- Developers: Argonaut Games; Argonaut Sheffield; Möbius Entertainment (GBA);
- Publishers: Electronic Arts; Lego Interactive; THQ (GBA); Feral Interactive (OS X);
- Platforms: GameCube, Game Boy Advance, Mac OS X, PlayStation 2, Xbox, Windows
- Release: Game Boy AdvanceNA: September 9, 2003; EU: September 26, 2003; GameCube, PlayStation 2, XboxEU: October 10, 2003 (PS2); EU: October 17, 2003 (Xbox); NA: October 20, 2003; EU: October 31, 2003 (GC); WindowsNA: October 28, 2003; EU: October 31, 2003; Mac OS XWW: January 22, 2005;
- Genre: Platform
- Mode: Single-player

= Bionicle (video game) =

2003 video game

Bionicle (also known as Bionicle: The Game) is a 2003 platform video game in the greater Bionicle franchise developed by Argonaut Games and published by Electronic Arts and Lego Interactive for GameCube, PlayStation 2, Xbox, and Microsoft Windows. A port was released for Mac OS X, and a version was also developed for the Game Boy Advance. In the home console version, the player controls the Toa, elementally-powered warriors, as they traverse through levels; some levels are 3D platformers, while others utilize mechanics like snowboarding or lava surfing. The game's story, which takes creative liberties with the official Bionicle story, follows the Toa as they defend the island of Mata Nui from the return of the evil Makuta and his minions.

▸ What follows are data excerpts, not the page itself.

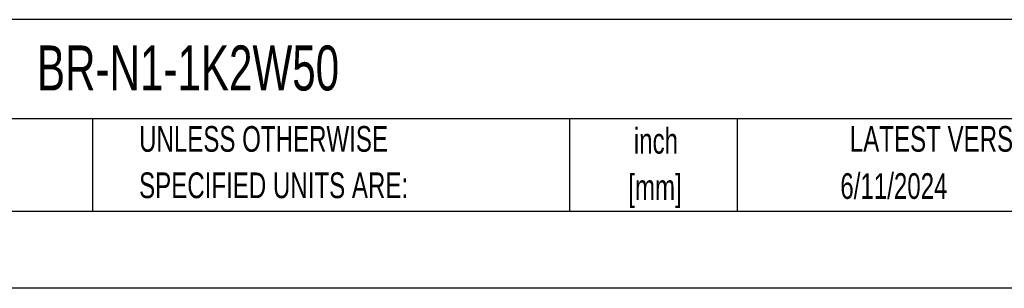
# Model space of a CAD drawing. Header units: inches. Extents: x 0 to 55, y 0 to 42.5.
# Tile 2 of 6: x 31.1 to 47, y 0 to 4.4. Entities that reach past the tile are written whole.
import ezdxf

# ---------------------------------------------------------------- set-up
doc = ezdxf.new("R2010")
doc.units = ezdxf.units.IN
doc.header["$LTSCALE"] = 5
doc.header["$MEASUREMENT"] = 0
doc.linetypes.add('CENTERX2', pattern=[0.8, 0.5, -0.1, 0.1, -0.1])
doc.layers.add('TEXT', color=140, linetype='Continuous', lineweight=25)
doc.styles.add('SLDTEXTSTYLE0', font='TXT', dxfattribs={"width": 0.7})

# ---------------------------------------------------------------- blocks, each defined once
blk = doc.blocks.new('SW_NOTE_0_1')
at = {"layer": 'TEXT', "color": 0, "linetype": 'CENTERX2', "lineweight": 18, "char_height": 0.4167, "attachment_point": 2, "style": 'SLDTEXTSTYLE0'}
for s, insert in [('inch', (0.625, 0.537)), ('[mm]', (0.611, -0.215))]:
    blk.add_mtext(s, dxfattribs=dict(at, insert=insert))
blk = doc.blocks.new('SW_NOTE_0_2')
at = {"layer": 'TEXT', "color": 0, "linetype": 'CENTERX2', "lineweight": 18, "char_height": 0.41667, "attachment_point": 1, "style": 'SLDTEXTSTYLE0'}
for s, insert in [('UNLESS OTHERWISE', (0, 0.537)), ('SPECIFIED UNITS ARE:', (0, -0.215))]:
    blk.add_mtext(s, dxfattribs=dict(at, insert=insert))

msp = doc.modelspace()

# ---------------------------------------------------------------- linework, layer by layer
at = {"color": 7, "linetype": 'Continuous'}
msp.add_line((55, 0.001), (0, 0.001), dxfattribs=at)
at = {"layer": 'TEXT'}
for p, q in [((53.75, 4.356), (1.25, 4.356)), ((53.75, 2.75), (1.25, 2.75)), ((32.24, 2.75), (32.24, 1.25)), ((39.965, 2.75), (39.965, 1.25)), ((42.68, 2.75), (42.68, 1.25)), ((1.25, 1.25), (53.75, 1.25))]:
    msp.add_line(p, q, dxfattribs=at)

# ---------------------------------------------------------------- block references
at = {"layer": 'TEXT', "linetype": 'CENTERX2', "lineweight": 18}
for name, p in [('SW_NOTE_0_2', (32.994, 2.094)), ('SW_NOTE_0_1', (40.738, 2.062))]:
    msp.add_blockref(name, p, dxfattribs=at)

# ---------------------------------------------------------------- texts
at = {"layer": 'TEXT', "linetype": 'CENTERX2', "lineweight": 18, "style": 'SLDTEXTSTYLE0'}
for s, insert, char_height, attachment_point in [('BR-N1-1K2W50', (31.34, 3.937), 0.72917, 1), ('LATEST VERSION', (46.172, 2.631), 0.41667, 2), ('6/11/2024', (45.217, 1.867), 0.4167, 2)]:
    msp.add_mtext(s, dxfattribs=dict(at, insert=insert, char_height=char_height, attachment_point=attachment_point))

doc.saveas('drawing.dxf')

Bionicle received mixed to negative reviews from critics, who disliked its short length and camera angles. Some gameplay elements, like the elemental absorption mechanic, were viewed more favorably. Bionicle sold poorly upon its release, resulting in Argonaut not receiving any licensing royalties; the company would dissolve in August 2006. A tech demo for a sequel, tentatively titled Bionicle: City of Legends, was leaked online in 2012.

==Gameplay and plot==

A gameplay screenshot from Bionicle. The HUD in the upper left-hand corner features a damage bar on the top and an elemental energy meter on the bottom.

Bionicle is a 3D platform game. The game's levels vary between normal platforming levels and levels that use mechanics like snowboarding or lava surfing. Lightstones are scattered throughout each level, and collecting them unlocks bonus content. Captive Matoran characters are located in some levels, and finding them is necessary to solve puzzles. Each Toa character can attack using elemental energy; the attacks automatically target enemies. By timing attacks correctly, the player can launch a multi-bolt attack. Elemental energy depletes after each use. In order to replenish their supply, the player can shield and absorb attacks from enemies or draw in energy directly from the environment. When drawing from the environment, the player is vulnerable to attack. Elemental energy can also be resupplied by finding masks – called Kanohi – of elemental energy.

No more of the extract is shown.